The communication environment of the worldwide banking network and its interactions raises many ethical questions that were not frequently posed before the present world financial crisis. Suddenly, the world has discovered that bank interactions without special rules devoted to stricter standards of behavior and regulation might significantly contribute to a dangerous financial environment.

Many times considered a guide to social interaction, ethical principles have been revealed to be far more than just abstract ideas. The present financial crisis has demonstrated that the observance of ethical principles creates a framework where interaction with others can take place in an equitable, honest and productive manner.

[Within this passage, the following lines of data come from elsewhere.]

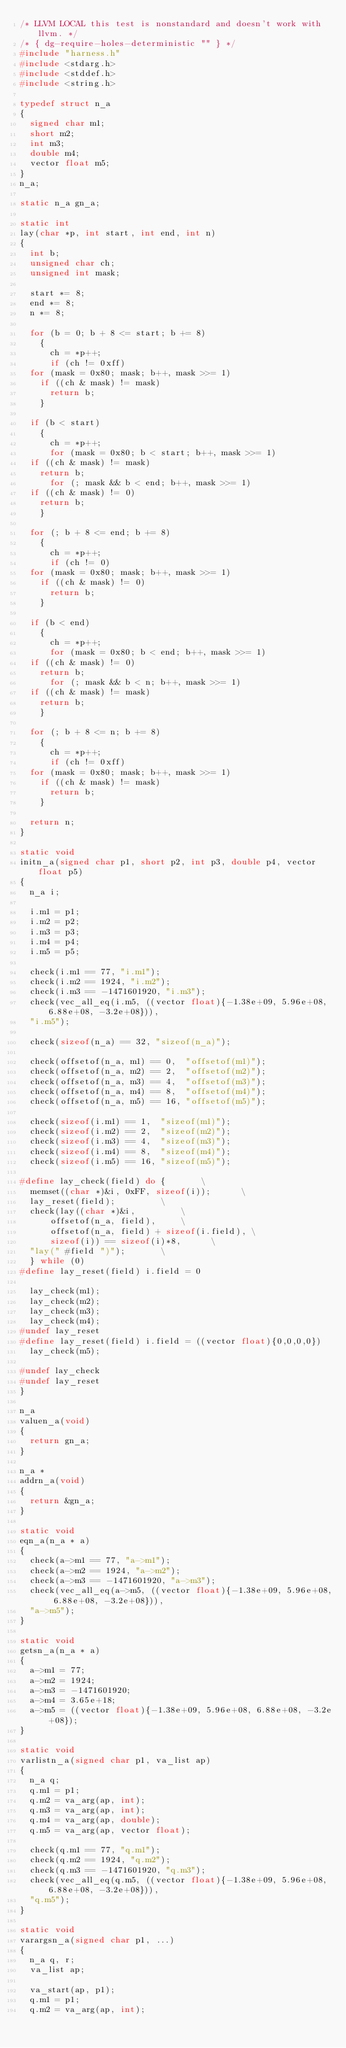Convert code to text. <code><loc_0><loc_0><loc_500><loc_500><_C_>/* LLVM LOCAL this test is nonstandard and doesn't work with llvm. */
/* { dg-require-holes-deterministic "" } */
#include "harness.h"
#include <stdarg.h>
#include <stddef.h>
#include <string.h>

typedef struct n_a
{
  signed char m1;
  short m2;
  int m3;
  double m4;
  vector float m5;
}
n_a;

static n_a gn_a;

static int
lay(char *p, int start, int end, int n)
{
  int b;
  unsigned char ch;
  unsigned int mask;

  start *= 8;
  end *= 8;
  n *= 8;

  for (b = 0; b + 8 <= start; b += 8)
    {
      ch = *p++;
      if (ch != 0xff)
	for (mask = 0x80; mask; b++, mask >>= 1)
	  if ((ch & mask) != mask)
	    return b;
    }

  if (b < start)
    {
      ch = *p++;
      for (mask = 0x80; b < start; b++, mask >>= 1)
	if ((ch & mask) != mask)
	  return b;
      for (; mask && b < end; b++, mask >>= 1)
	if ((ch & mask) != 0)
	  return b;
    }

  for (; b + 8 <= end; b += 8)
    {
      ch = *p++;
      if (ch != 0)
	for (mask = 0x80; mask; b++, mask >>= 1)
	  if ((ch & mask) != 0)
	    return b;
    }

  if (b < end)
    {
      ch = *p++;
      for (mask = 0x80; b < end; b++, mask >>= 1)
	if ((ch & mask) != 0)
	  return b;
      for (; mask && b < n; b++, mask >>= 1)
	if ((ch & mask) != mask)
	  return b;
    }

  for (; b + 8 <= n; b += 8)
    {
      ch = *p++;
      if (ch != 0xff)
	for (mask = 0x80; mask; b++, mask >>= 1)
	  if ((ch & mask) != mask)
	    return b;
    }

  return n;
}

static void
initn_a(signed char p1, short p2, int p3, double p4, vector float p5)
{
  n_a i;

  i.m1 = p1;
  i.m2 = p2;
  i.m3 = p3;
  i.m4 = p4;
  i.m5 = p5;

  check(i.m1 == 77, "i.m1");
  check(i.m2 == 1924, "i.m2");
  check(i.m3 == -1471601920, "i.m3");
  check(vec_all_eq(i.m5, ((vector float){-1.38e+09, 5.96e+08, 6.88e+08, -3.2e+08})),
	"i.m5");

  check(sizeof(n_a) == 32, "sizeof(n_a)");

  check(offsetof(n_a, m1) == 0,  "offsetof(m1)");
  check(offsetof(n_a, m2) == 2,  "offsetof(m2)");
  check(offsetof(n_a, m3) == 4,  "offsetof(m3)");
  check(offsetof(n_a, m4) == 8,  "offsetof(m4)");
  check(offsetof(n_a, m5) == 16, "offsetof(m5)");

  check(sizeof(i.m1) == 1,  "sizeof(m1)");
  check(sizeof(i.m2) == 2,  "sizeof(m2)");
  check(sizeof(i.m3) == 4,  "sizeof(m3)");
  check(sizeof(i.m4) == 8,  "sizeof(m4)");
  check(sizeof(i.m5) == 16, "sizeof(m5)");

#define lay_check(field) do {				\
  memset((char *)&i, 0xFF, sizeof(i));			\
  lay_reset(field);					\
  check(lay((char *)&i,					\
	    offsetof(n_a, field),			\
	    offsetof(n_a, field) + sizeof(i.field),	\
	    sizeof(i)) == sizeof(i)*8,			\
	"lay(" #field ")");				\
  } while (0)
#define lay_reset(field) i.field = 0

  lay_check(m1);
  lay_check(m2);
  lay_check(m3);
  lay_check(m4);
#undef lay_reset
#define lay_reset(field) i.field = ((vector float){0,0,0,0})
  lay_check(m5);

#undef lay_check
#undef lay_reset
}

n_a
valuen_a(void)
{
  return gn_a;
}

n_a *
addrn_a(void)
{
  return &gn_a;
}

static void
eqn_a(n_a * a)
{
  check(a->m1 == 77, "a->m1");
  check(a->m2 == 1924, "a->m2");
  check(a->m3 == -1471601920, "a->m3");
  check(vec_all_eq(a->m5, ((vector float){-1.38e+09, 5.96e+08, 6.88e+08, -3.2e+08})),
	"a->m5");
}

static void
getsn_a(n_a * a)
{
  a->m1 = 77;
  a->m2 = 1924;
  a->m3 = -1471601920;
  a->m4 = 3.65e+18;
  a->m5 = ((vector float){-1.38e+09, 5.96e+08, 6.88e+08, -3.2e+08});
}

static void
varlistn_a(signed char p1, va_list ap)
{
  n_a q;
  q.m1 = p1;
  q.m2 = va_arg(ap, int);
  q.m3 = va_arg(ap, int);
  q.m4 = va_arg(ap, double);
  q.m5 = va_arg(ap, vector float);

  check(q.m1 == 77, "q.m1");
  check(q.m2 == 1924, "q.m2");
  check(q.m3 == -1471601920, "q.m3");
  check(vec_all_eq(q.m5, ((vector float){-1.38e+09, 5.96e+08, 6.88e+08, -3.2e+08})),
	"q.m5");
}

static void
varargsn_a(signed char p1, ...)
{
  n_a q, r;
  va_list ap;

  va_start(ap, p1);
  q.m1 = p1;
  q.m2 = va_arg(ap, int);</code>

We know that business values, in general, tend to be driven by amoral behaviors, in great part due to competition, efficiency or simply profit, not to mention greed. For many years previous to the 2008 crisis, the world simply accepted unethical and even immoral behaviors because they led the world to believe in a false wealth, a lie which led many individuals to “lose” a significant part of their personal wealth. A short list of justifications commonly accepted by a corrupt corporate environment includes:

  • I had no choice” ….i.e. denying responsibility;

  • “No one is hurt” …..i.e. denying injury;

  • “Blaming violated parties”…i.e. denying victims;

  • “They are worse than we are”…i.e. social weighting;

  • “It was for a good cause”…i.e. appeal to higher loyalties;

  • “I have the right to be unethical because of poverty (or wealth)”…i.e. self justification.

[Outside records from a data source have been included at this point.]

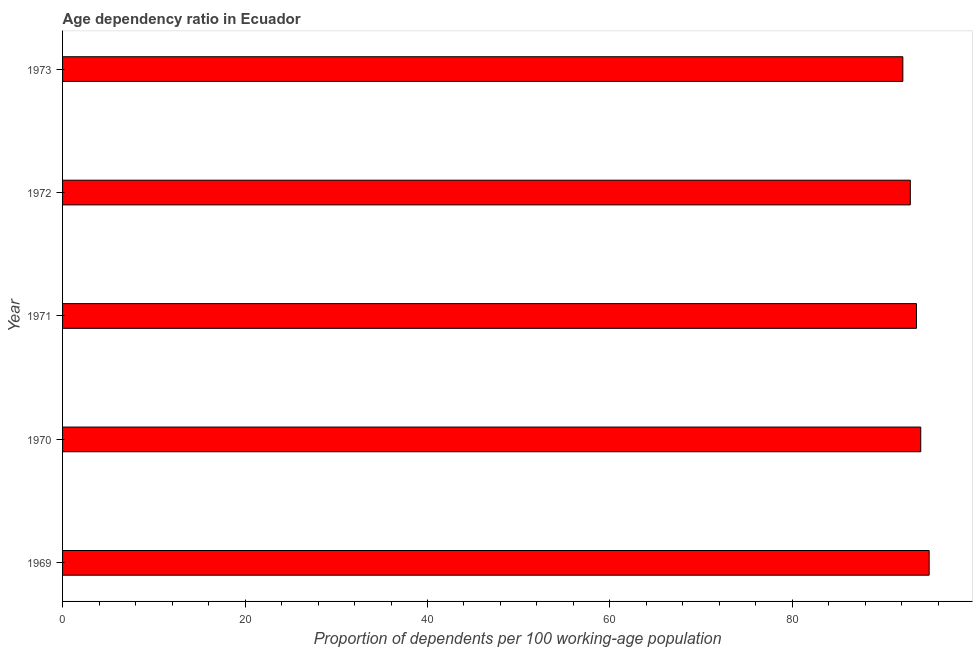Does the graph contain any zero values?
Provide a succinct answer. No. What is the title of the graph?
Give a very brief answer. Age dependency ratio in Ecuador. What is the label or title of the X-axis?
Offer a very short reply. Proportion of dependents per 100 working-age population. What is the label or title of the Y-axis?
Provide a succinct answer. Year. What is the age dependency ratio in 1970?
Offer a very short reply. 94.07. Across all years, what is the maximum age dependency ratio?
Make the answer very short. 94.99. Across all years, what is the minimum age dependency ratio?
Your answer should be very brief. 92.11. In which year was the age dependency ratio maximum?
Give a very brief answer. 1969. What is the sum of the age dependency ratio?
Ensure brevity in your answer.  467.69. What is the difference between the age dependency ratio in 1970 and 1973?
Ensure brevity in your answer.  1.96. What is the average age dependency ratio per year?
Keep it short and to the point. 93.54. What is the median age dependency ratio?
Offer a very short reply. 93.6. In how many years, is the age dependency ratio greater than 56 ?
Your response must be concise. 5. What is the ratio of the age dependency ratio in 1970 to that in 1973?
Provide a succinct answer. 1.02. Is the difference between the age dependency ratio in 1969 and 1970 greater than the difference between any two years?
Ensure brevity in your answer.  No. What is the difference between the highest and the second highest age dependency ratio?
Your response must be concise. 0.92. What is the difference between the highest and the lowest age dependency ratio?
Your answer should be very brief. 2.88. In how many years, is the age dependency ratio greater than the average age dependency ratio taken over all years?
Offer a very short reply. 3. How many bars are there?
Your answer should be compact. 5. How many years are there in the graph?
Give a very brief answer. 5. Are the values on the major ticks of X-axis written in scientific E-notation?
Provide a short and direct response. No. What is the Proportion of dependents per 100 working-age population in 1969?
Offer a terse response. 94.99. What is the Proportion of dependents per 100 working-age population of 1970?
Give a very brief answer. 94.07. What is the Proportion of dependents per 100 working-age population of 1971?
Your response must be concise. 93.6. What is the Proportion of dependents per 100 working-age population of 1972?
Your response must be concise. 92.92. What is the Proportion of dependents per 100 working-age population in 1973?
Your answer should be compact. 92.11. What is the difference between the Proportion of dependents per 100 working-age population in 1969 and 1970?
Your response must be concise. 0.92. What is the difference between the Proportion of dependents per 100 working-age population in 1969 and 1971?
Ensure brevity in your answer.  1.39. What is the difference between the Proportion of dependents per 100 working-age population in 1969 and 1972?
Your answer should be very brief. 2.07. What is the difference between the Proportion of dependents per 100 working-age population in 1969 and 1973?
Your response must be concise. 2.88. What is the difference between the Proportion of dependents per 100 working-age population in 1970 and 1971?
Your answer should be compact. 0.47. What is the difference between the Proportion of dependents per 100 working-age population in 1970 and 1972?
Give a very brief answer. 1.14. What is the difference between the Proportion of dependents per 100 working-age population in 1970 and 1973?
Give a very brief answer. 1.96. What is the difference between the Proportion of dependents per 100 working-age population in 1971 and 1972?
Provide a succinct answer. 0.68. What is the difference between the Proportion of dependents per 100 working-age population in 1971 and 1973?
Ensure brevity in your answer.  1.5. What is the difference between the Proportion of dependents per 100 working-age population in 1972 and 1973?
Offer a terse response. 0.82. What is the ratio of the Proportion of dependents per 100 working-age population in 1969 to that in 1971?
Make the answer very short. 1.01. What is the ratio of the Proportion of dependents per 100 working-age population in 1969 to that in 1972?
Ensure brevity in your answer.  1.02. What is the ratio of the Proportion of dependents per 100 working-age population in 1969 to that in 1973?
Offer a very short reply. 1.03. What is the ratio of the Proportion of dependents per 100 working-age population in 1970 to that in 1971?
Your answer should be very brief. 1. What is the ratio of the Proportion of dependents per 100 working-age population in 1970 to that in 1972?
Provide a short and direct response. 1.01. What is the ratio of the Proportion of dependents per 100 working-age population in 1971 to that in 1973?
Provide a short and direct response. 1.02. What is the ratio of the Proportion of dependents per 100 working-age population in 1972 to that in 1973?
Your response must be concise. 1.01.

For many years, codes of ethics were considered binding and were respected by the private sector. In fact, the Internet environment has contributed to new and different ways to recruit, mislead and coerce the public, in addition to more traditional methods. Only after the actual crisis did information technology become a prime concern for researchers seeking a connection between Internet technology and unethical behavior, which in a larger context, is deviant behavior in that it is not socially acceptable to steal to take what is not one’s own. Without a doubt, behaviors by investment banks and the stock market contributed overwhelmingly to the impoverishment of millions and hardship to countless others.

  • Computer crimes:

  • Computer crime has become an instrument for unethical actions and frauds because of unauthorized access to a data, theft, defamation, intimidation, bullying, etc.;

  • Computer technology has become a tool used to violate the law and deny the rights to information access and privacy, leading to anti-social practices like cyber bullying, sexual solicitation, information piracy, etc.

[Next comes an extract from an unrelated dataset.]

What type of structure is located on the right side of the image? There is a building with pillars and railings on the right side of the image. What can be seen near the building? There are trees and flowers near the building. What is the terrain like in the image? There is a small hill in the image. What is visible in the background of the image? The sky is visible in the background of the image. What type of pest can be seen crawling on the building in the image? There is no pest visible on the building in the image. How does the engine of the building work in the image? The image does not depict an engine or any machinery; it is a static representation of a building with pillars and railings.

  • The interconnectedness of the Web has increased the incidence of electronic fraud, including credit and debit card theft, identity theft and the unauthorized transfer of funds, as well as legal practices such as automatic buying and selling in the stock market.

  • The Internet has contributed to a growing number of security problems related to e-mails, the theft of personal or financial information and the loss or manipulation of records.

  • The Internet has also expanded the scope of crimes involving obscenity/pornography, child solicitation for sex, violence against minorities, terrorism, etc.

  • Computer risks:

  • Aircraft control might be affected by hackers;

  • Nuclear power plant control can be compromised by insecure computer network environments;

  • Military computer networks have insecure spaces that compromise national security as hackers might steal user names and passwords, which can lead to the leaking of confidential or proprietary information;

  • The privacy and security of E-commerce can be compromise by unauthorized persons.